[Items listed in a dataset]
Content starts

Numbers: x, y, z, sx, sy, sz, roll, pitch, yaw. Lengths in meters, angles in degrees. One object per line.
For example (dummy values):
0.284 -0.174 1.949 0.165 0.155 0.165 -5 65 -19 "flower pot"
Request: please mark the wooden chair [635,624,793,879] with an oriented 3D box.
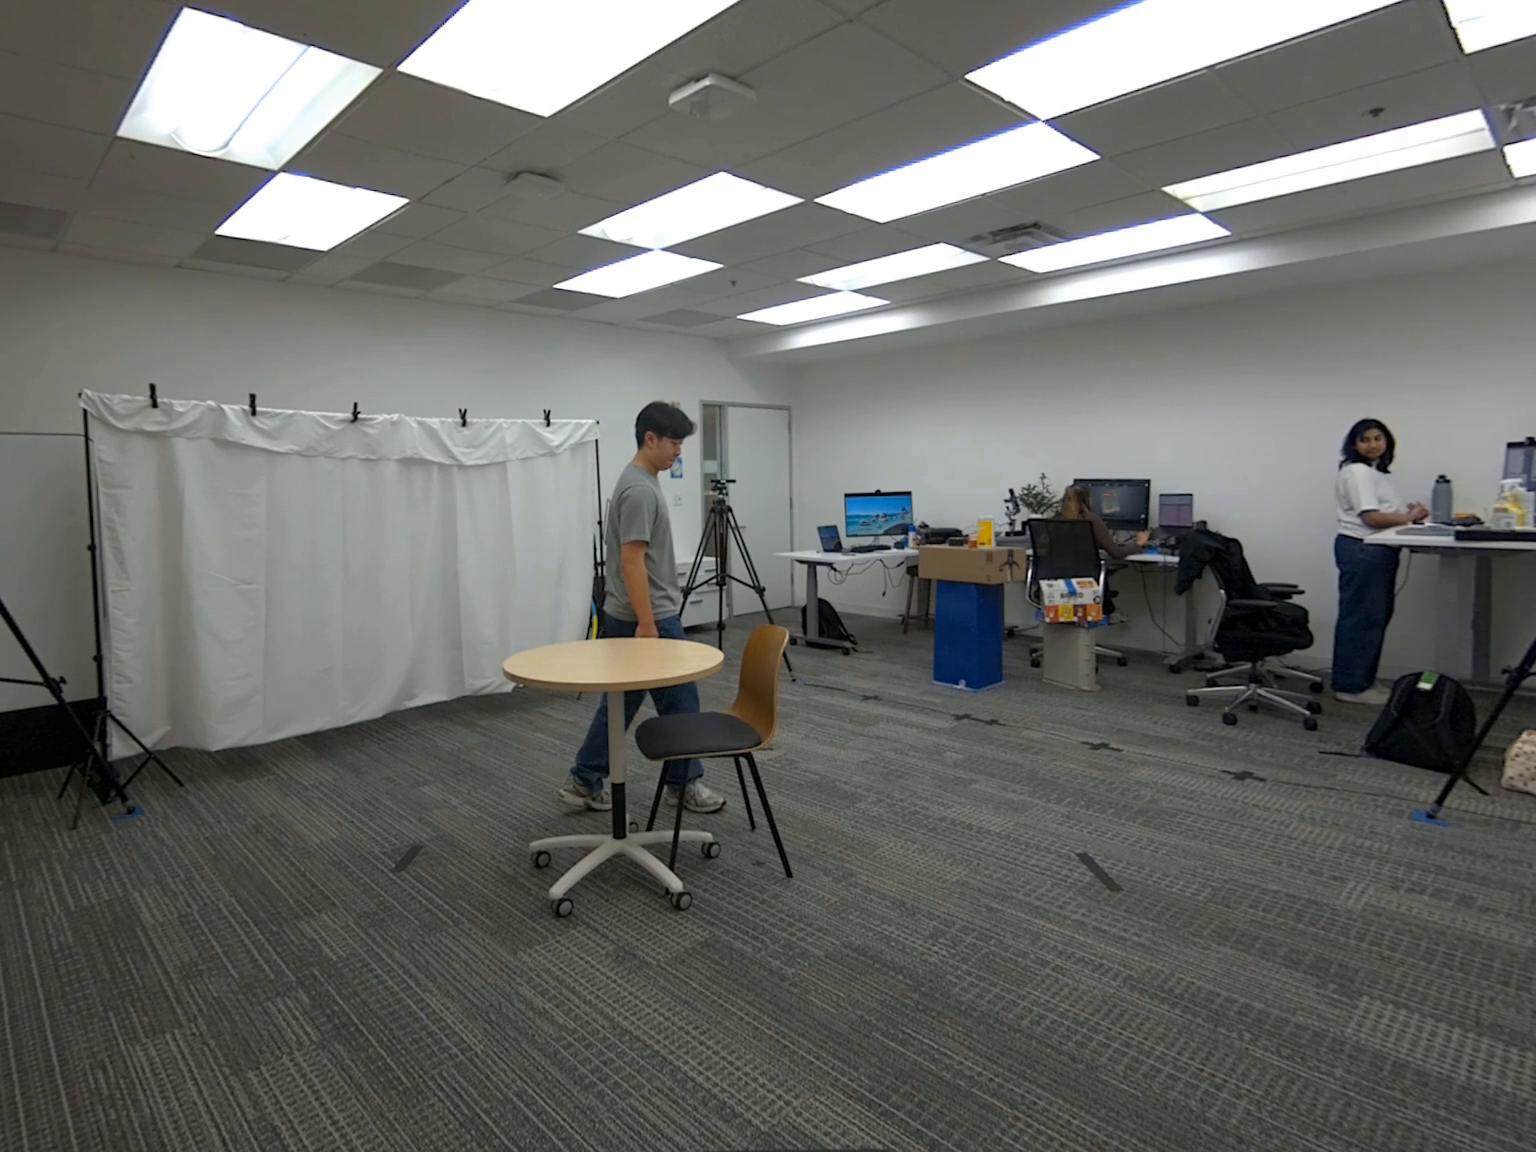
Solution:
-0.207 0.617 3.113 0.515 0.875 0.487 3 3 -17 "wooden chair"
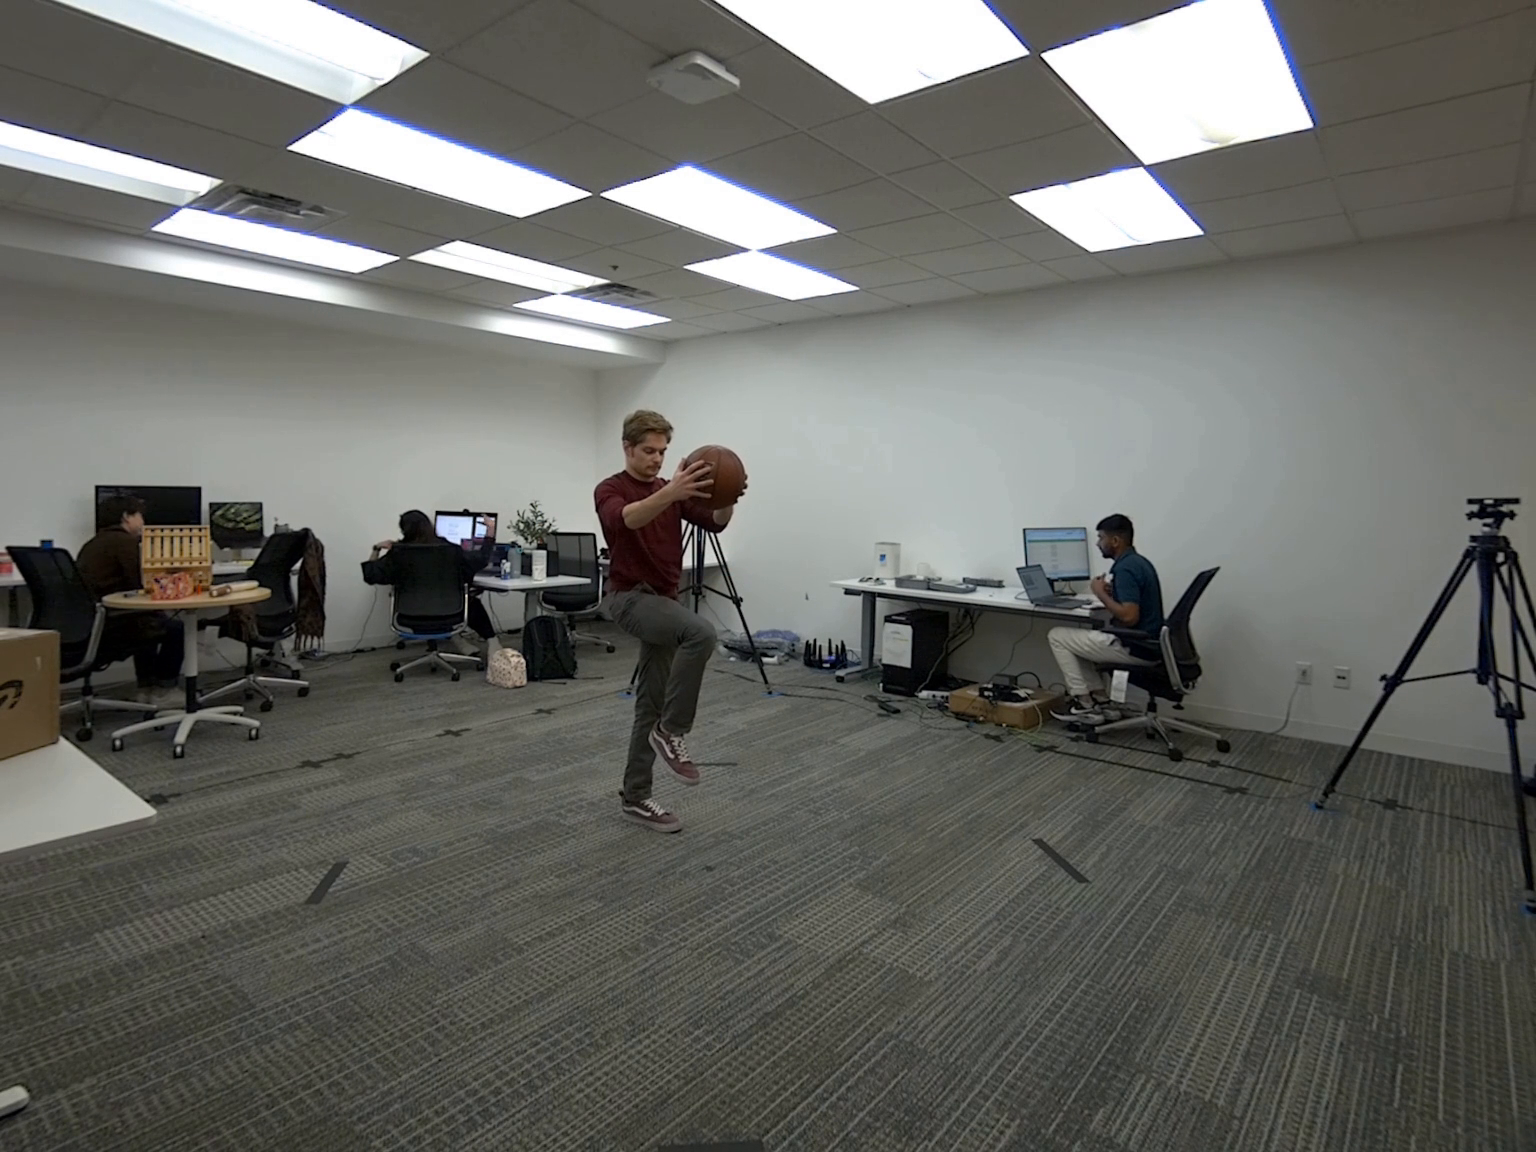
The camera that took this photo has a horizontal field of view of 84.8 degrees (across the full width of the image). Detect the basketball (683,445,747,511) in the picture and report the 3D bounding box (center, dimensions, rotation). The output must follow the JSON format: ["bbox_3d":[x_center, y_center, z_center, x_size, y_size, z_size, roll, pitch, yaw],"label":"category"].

Content ends

- [EXERCISE DETAILS]: Repeat the lines exactly, starting with the line that contains "0.284 -0.174 1.949" and ending with the last line of the entries. Keep both of those lines but no pictures.

- [OUTPUT]:
0.284 -0.174 1.949 0.165 0.155 0.165 -5 65 -19 "flower pot"
Request: please mark the wooden chair [635,624,793,879] with an oriented 3D box.
Solution:
-0.207 0.617 3.113 0.515 0.875 0.487 3 3 -17 "wooden chair"
The camera that took this photo has a horizontal field of view of 84.8 degrees (across the full width of the image). Detect the basketball (683,445,747,511) in the picture and report the 3D bounding box (center, dimensions, rotation). The output must follow the JSON format: ["bbox_3d":[x_center, y_center, z_center, x_size, y_size, z_size, roll, pitch, yaw],"label":"category"].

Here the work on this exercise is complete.